Mariana Forearc P/T Conditions and Ramifications of Metasomatism for Mineral Stabilities

The observed compositional changes have direct implications for the thermodynamic stability of mineral phases. This is most striking for the stability field of phengite that is limited to <300°C in unsubducted OIB but, for the metasomatized ones, is increased to 600°C at both cold and warm subduction zones (Figure 5). In addition, besides this larger stability field, considerably larger quantities of phengite (∼6 instead of ∼1.5 mol; Figure 6) are being predicted for the metasomatized OIBs.

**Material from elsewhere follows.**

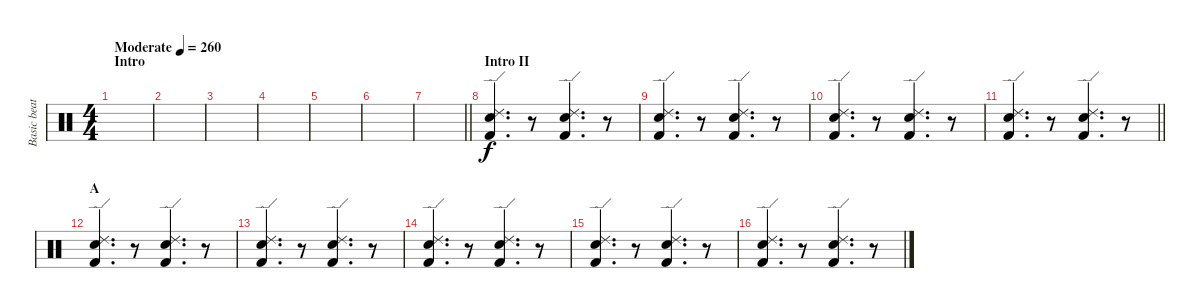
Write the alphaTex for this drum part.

The exact geotherm and the respective P/T conditions in the Mariana subduction system remain vague. The depth to the slab below the mud volcanoes—from which P can be derived—could relatively well be determined using multi-channel seismic reflection data (e.g., Oakley et al., 2008). But estimates on T conditions are less precise because they chiefly rely on interpretations of equilibrium mineral assemblages and mineral compositions in metamafic clasts (e.g., Maekawa et al., 1993; Oakley, 2008), on across-forearc changes in pore water compositions of the serpentinite mud (e.g., Mottl et al., 2004; Menzies et al., 2021), and on oxygen stable isotope compositions of serpentine–magnetite pairs. The serpentine–magnetite pairs, for instance, imply serpentinization T of up to 400°C for samples from Asùt Tesoru Seamount (Debret et al., 2019), whereas metamafic mineral assemblages and compositions imply T of 200–250°C for that seamount (Ichiyama et al., 2021). To make matters worse, the travel paths from depths to the forearc seafloor are not completely understood; several authors have suggested that both metamafic and serpentinite clasts may travel upwards in the subduction channel after having been subducted to greater depths (e.g., Tamblyn et al., 2019) and before being entrained by mud volcanism. They could hence have experienced metamorphic conditions greater than those right below the individual mud volcanoes. In this sense, a blueschist clast from South Chamorro Seamount was interpreted to have experienced up to 19 kbar and 590°C (Tamblyn et al., 2019).

Pressure at the slab is despite these uncertainties estimated at ∼4 kbar below Fantangisña (∼14 km slab depth) and 6 kbar below Asùt Tesoru (∼18 km; Oakley et al., 2008), with T of ∼150 and 250°C, respectively. Resultant geothermal gradients would span a range of 10–14°C/km, or even 6–17°C/km when including the P/T estimates for the other serpentinite mud volcanoes (see, e.g., Table 1 in Fryer et al., 2020). This large range may be explained by inaccuracies introduced by various factors. For instance, the complex topography of the subducting Pacific Plate implies a high relief of the slab–wedge interface (Fryer et al., 2020) and it is possible that topographic highs such as subducted seamounts cause seismic reflections that are interpreted as the top of the subducting slab; these may, however, protrude from the surrounding subducting seafloor by several kilometers and hence affect the depth estimates. Temperature estimates on the other hand, in particular the ones based on metamorphic mineral assemblages, may be biased by the time the metamorphism occurred. Shortly after the subduction initiation in the Eocene, the mantle wedge was much hotter than today, which lead to higher-grade metamorphism at a given depth of the subduction channel than today (Ichiyama et al., 2021). In support of this, age-dating metamorphic minerals in a blueschist clast from South Chamorro Seamount revealed a formation age of >45 Ma (Tamblyn et al., 2019).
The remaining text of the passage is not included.